=== Begin Enclosure ===
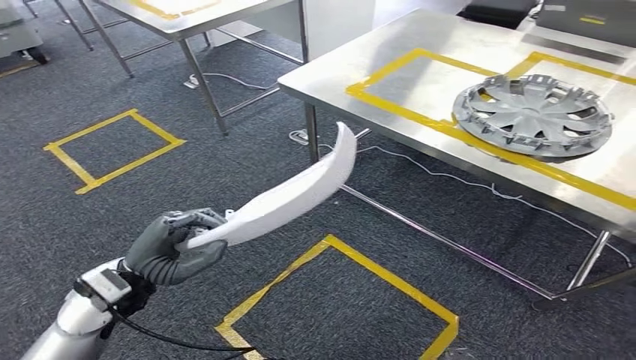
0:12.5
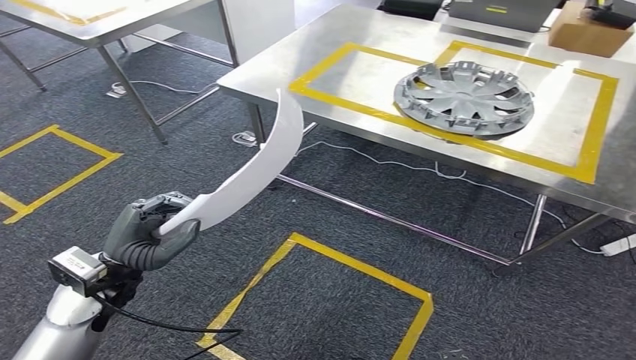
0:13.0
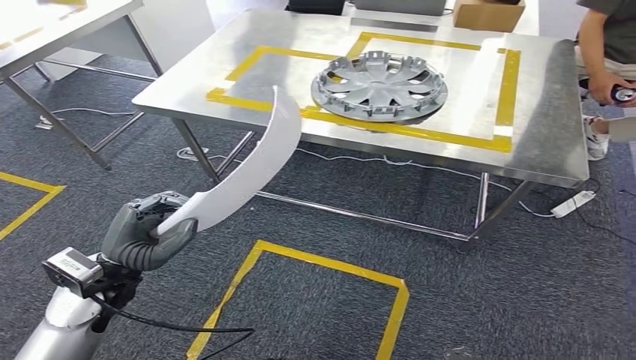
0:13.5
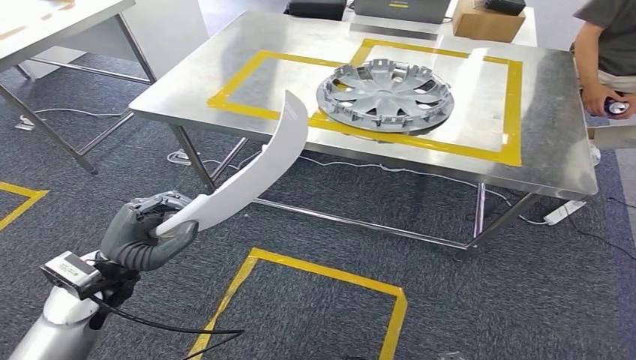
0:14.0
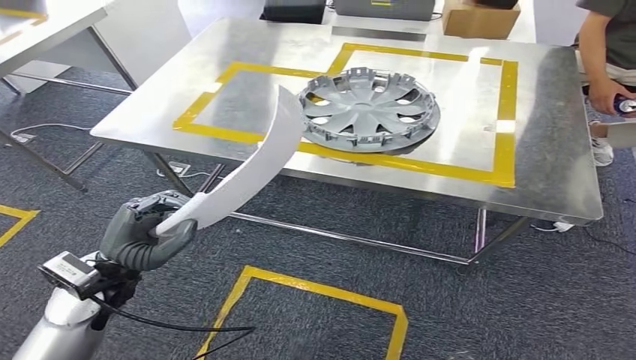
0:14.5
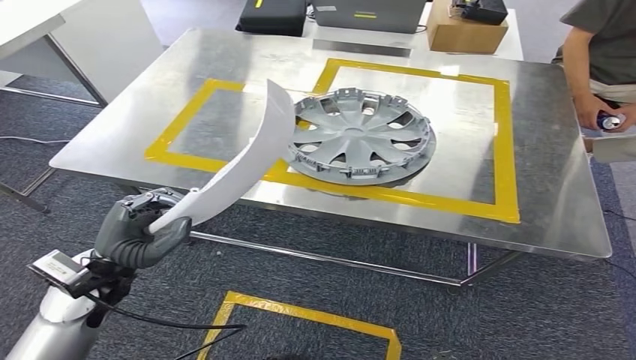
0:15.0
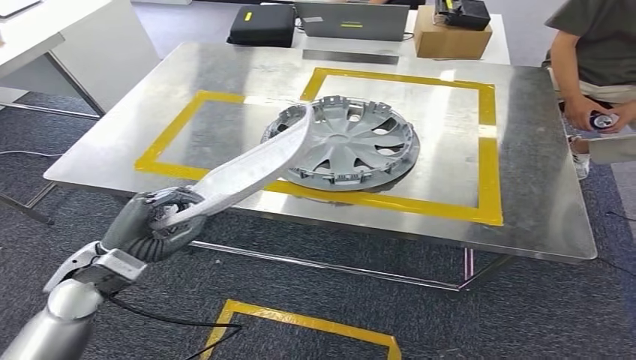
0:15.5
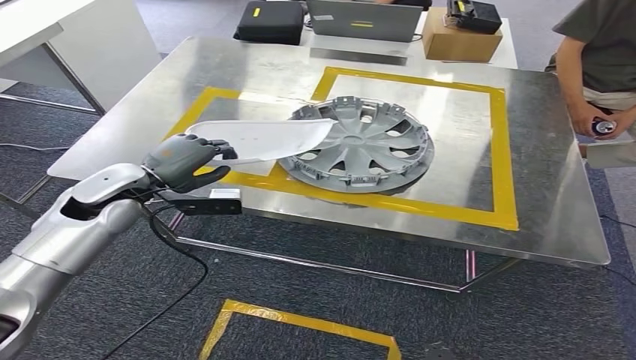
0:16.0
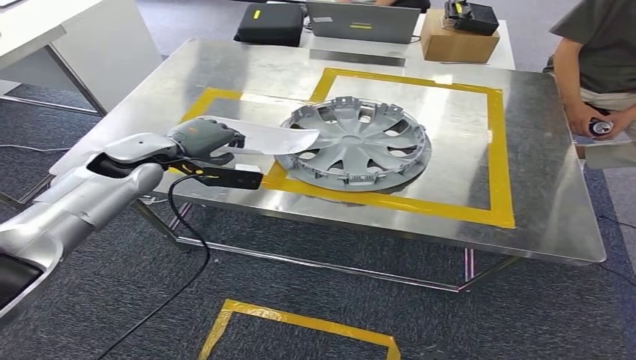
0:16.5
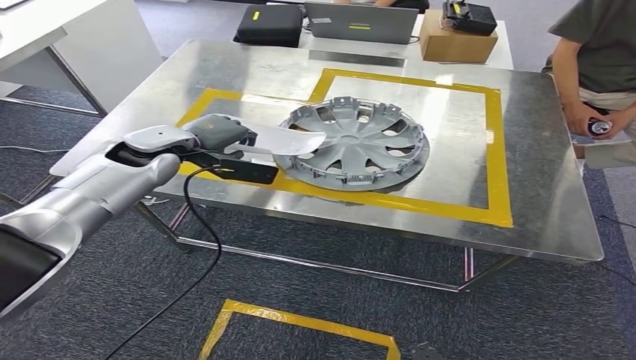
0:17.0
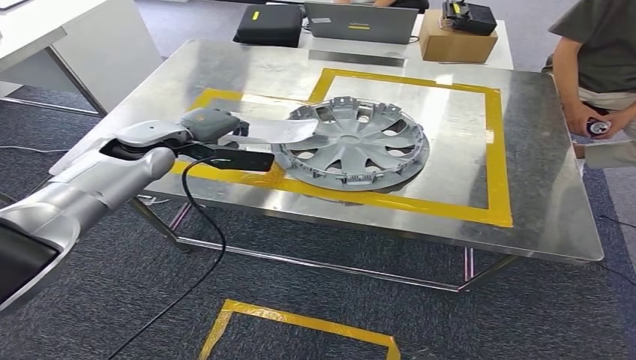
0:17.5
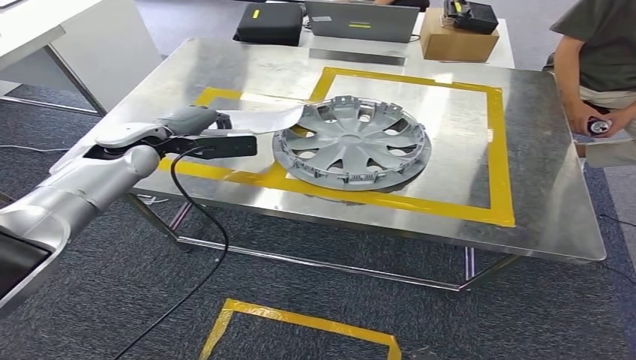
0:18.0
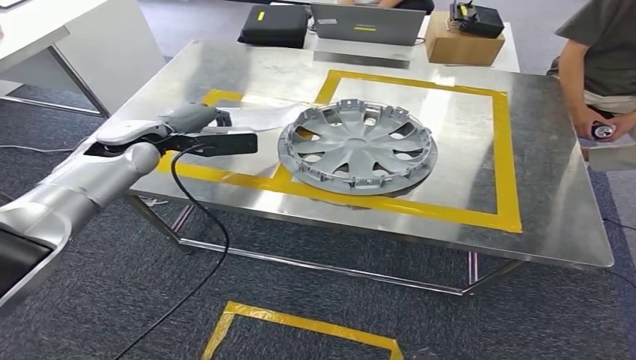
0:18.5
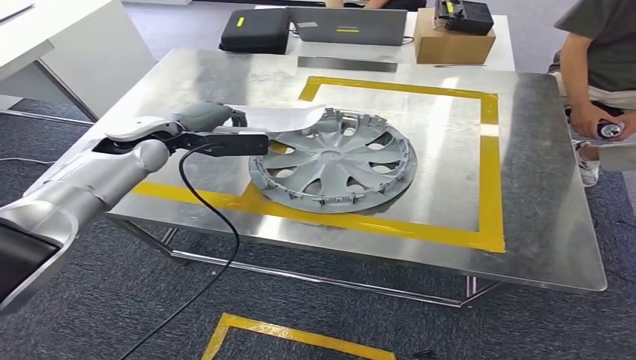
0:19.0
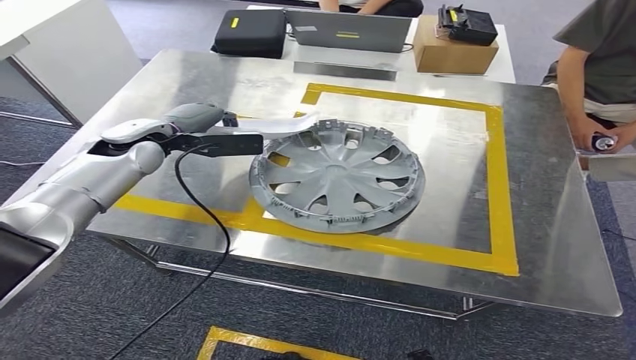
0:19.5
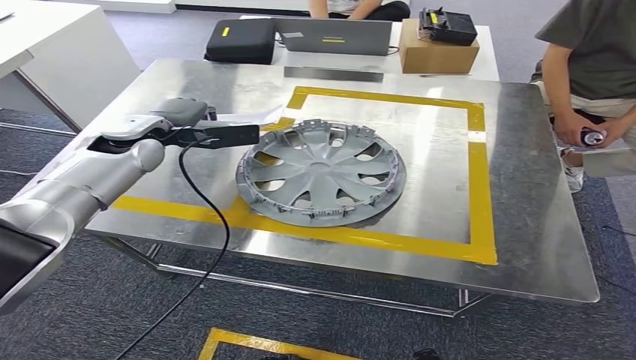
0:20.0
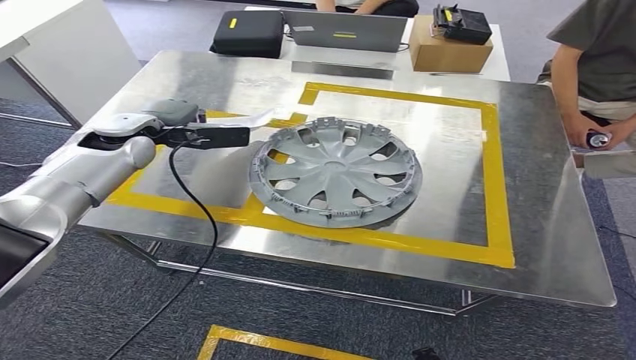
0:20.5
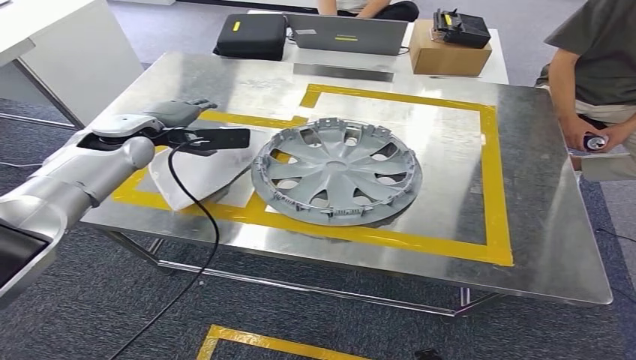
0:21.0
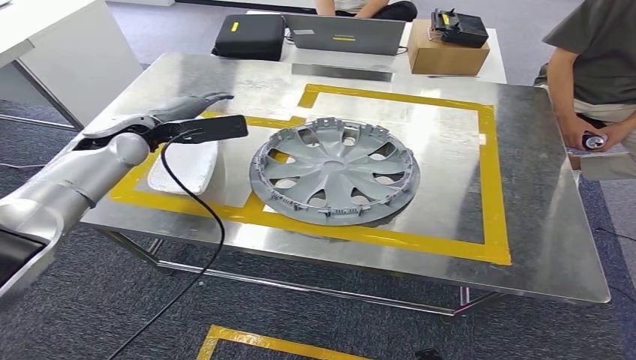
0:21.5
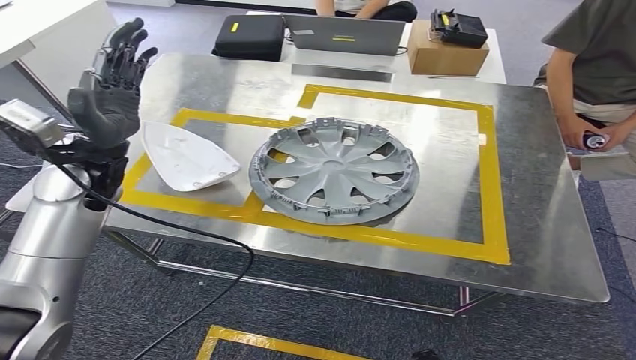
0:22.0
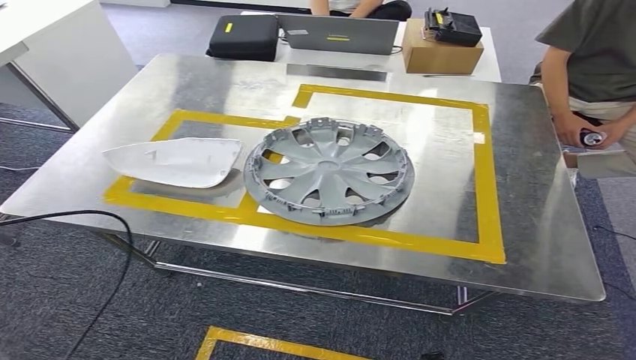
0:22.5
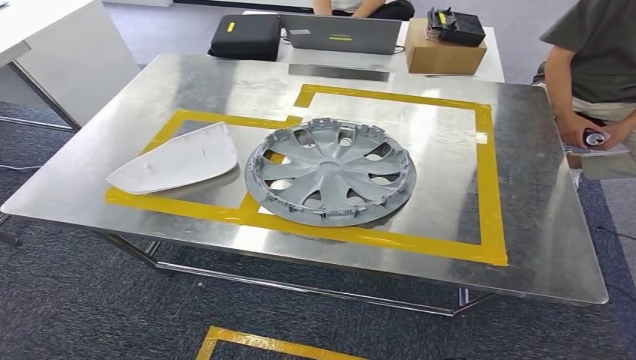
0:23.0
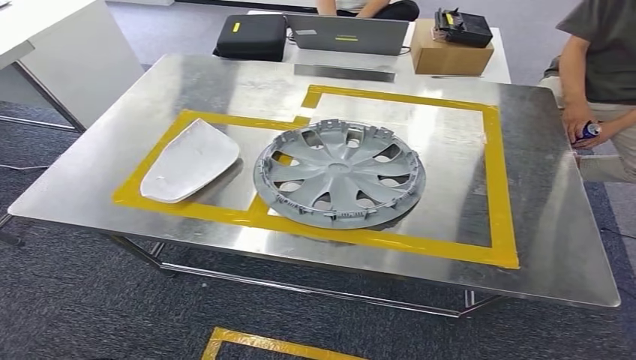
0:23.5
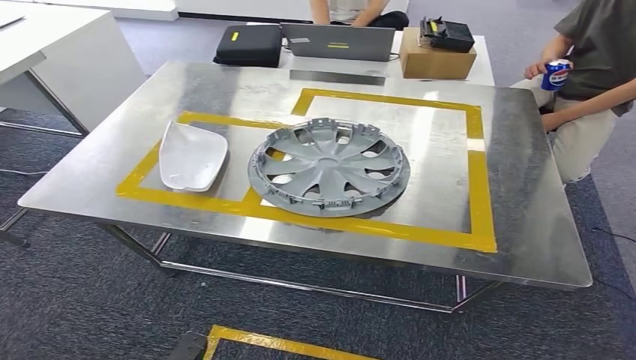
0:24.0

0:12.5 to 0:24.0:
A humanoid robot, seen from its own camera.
Step, 0:12.5 to 0:14.5: Move the small parts to the workbench.
Step, 0:15.0 to 0:22.5: Insert the small parts into the corresponding slots on the workbench.
=== End Enclosure ===
Your answer should be every entry repeated exactly, minus the pictures.

Solution to the problem:
0:12.5
0:13.0
0:13.5
0:14.0
0:14.5
0:15.0
0:15.5
0:16.0
0:16.5
0:17.0
0:17.5
0:18.0
0:18.5
0:19.0
0:19.5
0:20.0
0:20.5
0:21.0
0:21.5
0:22.0
0:22.5
0:23.0
0:23.5
0:24.0

0:12.5 to 0:24.0:
A humanoid robot, seen from its own camera.
Step, 0:12.5 to 0:14.5: Move the small parts to the workbench.
Step, 0:15.0 to 0:22.5: Insert the small parts into the corresponding slots on the workbench.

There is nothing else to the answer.